As with the original proposal to establish the SPY Pilot Program,
the Exchange represents that the Pilot Report would be submitted within
thirty (30) days of the end of the first twelve months of the extended
SPY Pilot Program time period and would cover the twelve months that
just ended. The Pilot Report would detail the size and different types
of strategies employed with respect to positions established as a
result of the elimination of position limits in SPY options. In
addition, the Pilot Report would note whether any problems resulted due
to the no limit approach and any other information that may be useful
in evaluating the effectiveness of the SPY Pilot Program. The Pilot
Report would compare the impact of the SPY Pilot Program, if any, on
the volumes of SPY options and the volatility in the price of the
underlying SPY shares, particularly at expiration. In preparing the
report the Exchange would utilize various data elements such as volume
and open interest.
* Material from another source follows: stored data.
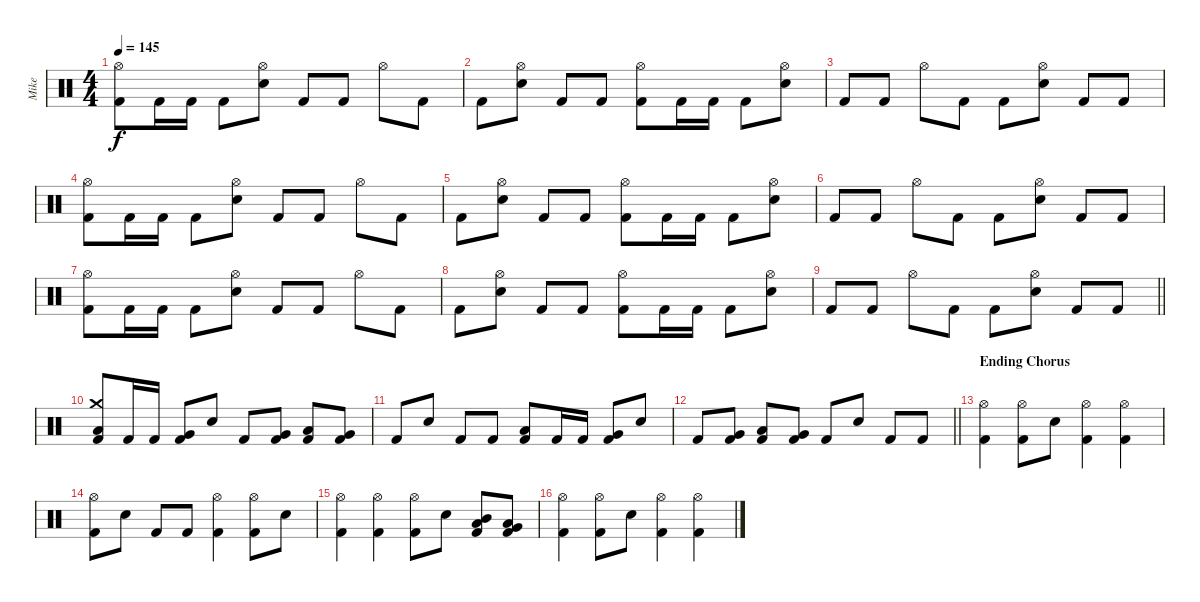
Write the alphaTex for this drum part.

\track ("Mike" "Mike") {instrument percussion}
\staff {score}
\articulation defaults
\ts (4 4)
\tempo 145
\clef neutral
\ks c
("Hi-Hat (open)" "Kick (hit) 2").8{dy f} "Kick (hit) 2".16 "Kick (hit) 2".16 "Kick (hit) 2".8 ("Hi-Hat (open)" "Snare (hit) 2").8 "Kick (hit) 2".8 "Kick (hit) 2".8 "Hi-Hat (open)".8 "Kick (hit) 2".8 |
"Kick (hit) 2".8 ("Hi-Hat (open)" "Snare (hit) 2").8 "Kick (hit) 2".8 "Kick (hit) 2".8 ("Hi-Hat (open)" "Kick (hit) 2").8 "Kick (hit) 2".16 "Kick (hit) 2".16 "Kick (hit) 2".8 ("Hi-Hat (open)" "Snare (hit) 2").8 |
"Kick (hit) 2".8 "Kick (hit) 2".8 "Hi-Hat (open)".8 "Kick (hit) 2".8 "Kick (hit) 2".8 ("Hi-Hat (open)" "Snare (hit) 2").8 "Kick (hit) 2".8 "Kick (hit) 2".8 |
("Hi-Hat (open)" "Kick (hit) 2").8 "Kick (hit) 2".16 "Kick (hit) 2".16 "Kick (hit) 2".8 ("Hi-Hat (open)" "Snare (hit) 2").8 "Kick (hit) 2".8 "Kick (hit) 2".8 "Hi-Hat (open)".8 "Kick (hit) 2".8 |
"Kick (hit) 2".8 ("Hi-Hat (open)" "Snare (hit) 2").8 "Kick (hit) 2".8 "Kick (hit) 2".8 ("Hi-Hat (open)" "Kick (hit) 2").8 "Kick (hit) 2".16 "Kick (hit) 2".16 "Kick (hit) 2".8 ("Hi-Hat (open)" "Snare (hit) 2").8 |
"Kick (hit) 2".8 "Kick (hit) 2".8 "Hi-Hat (open)".8 "Kick (hit) 2".8 "Kick (hit) 2".8 ("Hi-Hat (open)" "Snare (hit) 2").8 "Kick (hit) 2".8 "Kick (hit) 2".8 |
("Hi-Hat (open)" "Kick (hit) 2").8 "Kick (hit) 2".16 "Kick (hit) 2".16 "Kick (hit) 2".8 ("Hi-Hat (open)" "Snare (hit) 2").8 "Kick (hit) 2".8 "Kick (hit) 2".8 "Hi-Hat (open)".8 "Kick (hit) 2".8 |
"Kick (hit) 2".8 ("Hi-Hat (open)" "Snare (hit) 2").8 "Kick (hit) 2".8 "Kick (hit) 2".8 ("Hi-Hat (open)" "Kick (hit) 2").8 "Kick (hit) 2".16 "Kick (hit) 2".16 "Kick (hit) 2".8 ("Hi-Hat (open)" "Snare (hit) 2").8 |
\barLineRight lightlight "Kick (hit) 2".8 "Kick (hit) 2".8 "Hi-Hat (open)".8 "Kick (hit) 2".8 "Kick (hit) 2".8
("Hi-Hat (open)" "Snare (hit) 2").8 "Kick (hit) 2".8 "Kick (hit) 2".8 |
("Crash medium (hit)" "Low Tom (hit)" "Kick (hit) 2").8 "Kick (hit) 2".16 "Kick (hit) 2".16 ("Very Low Tom (hit)" "Kick (hit) 2").8 "Snare (hit) 2".8 "Kick (hit) 2".8 ("Very Low Tom (hit)" "Kick (hit) 2").8 ("Low Floor Tom (hit)" "Kick (hit) 2").8 ("Very Low Tom (hit)" "Kick (hit) 2").8 |
"Kick (hit) 2".8 "Snare (hit) 2".8 "Kick (hit) 2".8 "Kick (hit) 2".8 ("Low Tom (hit)" "Kick (hit) 2").8 "Kick (hit) 2".16 "Kick (hit) 2".16 ("Very Low Tom (hit)" "Kick (hit) 2").8 "Snare (hit) 2".8 |
\barLineRight lightlight "Kick (hit) 2".8
("Very Low Tom (hit)" "Kick (hit) 2").8 ("Low Floor Tom (hit)" "Kick (hit) 2").8 ("Very Low Tom (hit)" "Kick (hit) 2").8 "Kick (hit) 2".8 "Snare (hit) 2".8 "Kick (hit) 2".8 "Kick (hit) 2".8 |
\section ("" "Ending Chorus")
("Hi-Hat (open)" "Kick (hit) 2").4 ("Hi-Hat (open)" "Kick (hit) 2").8 "Snare (hit) 2".8 ("Hi-Hat (open)" "Kick (hit) 2").4 ("Hi-Hat (open)" "Kick (hit) 2").4 |
("Hi-Hat (open)" "Kick (hit) 2").8 "Snare (hit) 2".8 "Kick (hit) 2".8 "Kick (hit) 2".8 ("Hi-Hat (open)" "Kick (hit) 2").4 ("Hi-Hat (open)" "Kick (hit) 2").8 "Snare (hit) 2".8 |
("Hi-Hat (open)" "Kick (hit) 2").4 ("Hi-Hat (open)" "Kick (hit) 2").4 ("Hi-Hat (open)" "Kick (hit) 2").8 "Snare (hit) 2".8 ("Mid Tom (hit)" "Low Tom (hit)" "Kick (hit) 2").8 ("Low Tom (hit)" "Very Low Tom (hit)" "Kick (hit) 2").8 |
("Hi-Hat (open)" "Kick (hit) 2").4 ("Hi-Hat (open)" "Kick (hit) 2").8 "Snare (hit) 2".8 ("Hi-Hat (open)" "Kick (hit) 2").4 ("Hi-Hat (open)" "Kick (hit) 2").4

In addition the Exchange would make available to
Commission staff data elements relating to the effectiveness of the SPY
Pilot Program.
2. Statutory Basis
The Exchange believes the proposed rule change is consistent with
the Act and the rules and regulations thereunder applicable to the
Exchange and, in particular, the requirements of Section 6(b) of the
Act.\7\ Specifically, the Exchange believes the proposed rule change is
consistent with the Section 6(b)(5) \8\ requirements that the rules of
an exchange be designed to prevent fraudulent and manipulative acts and
practices, to promote just and equitable principles of trade, to remove
impediments to and perfect the mechanism of a free and open market and
a national market system, and, in general, to protect investors and the
public interest.
---------------------------------------------------------------------------
\7\ 15 U.S.C. 78f(b).
\8\ 15 U.S.C. 78f(b)(5).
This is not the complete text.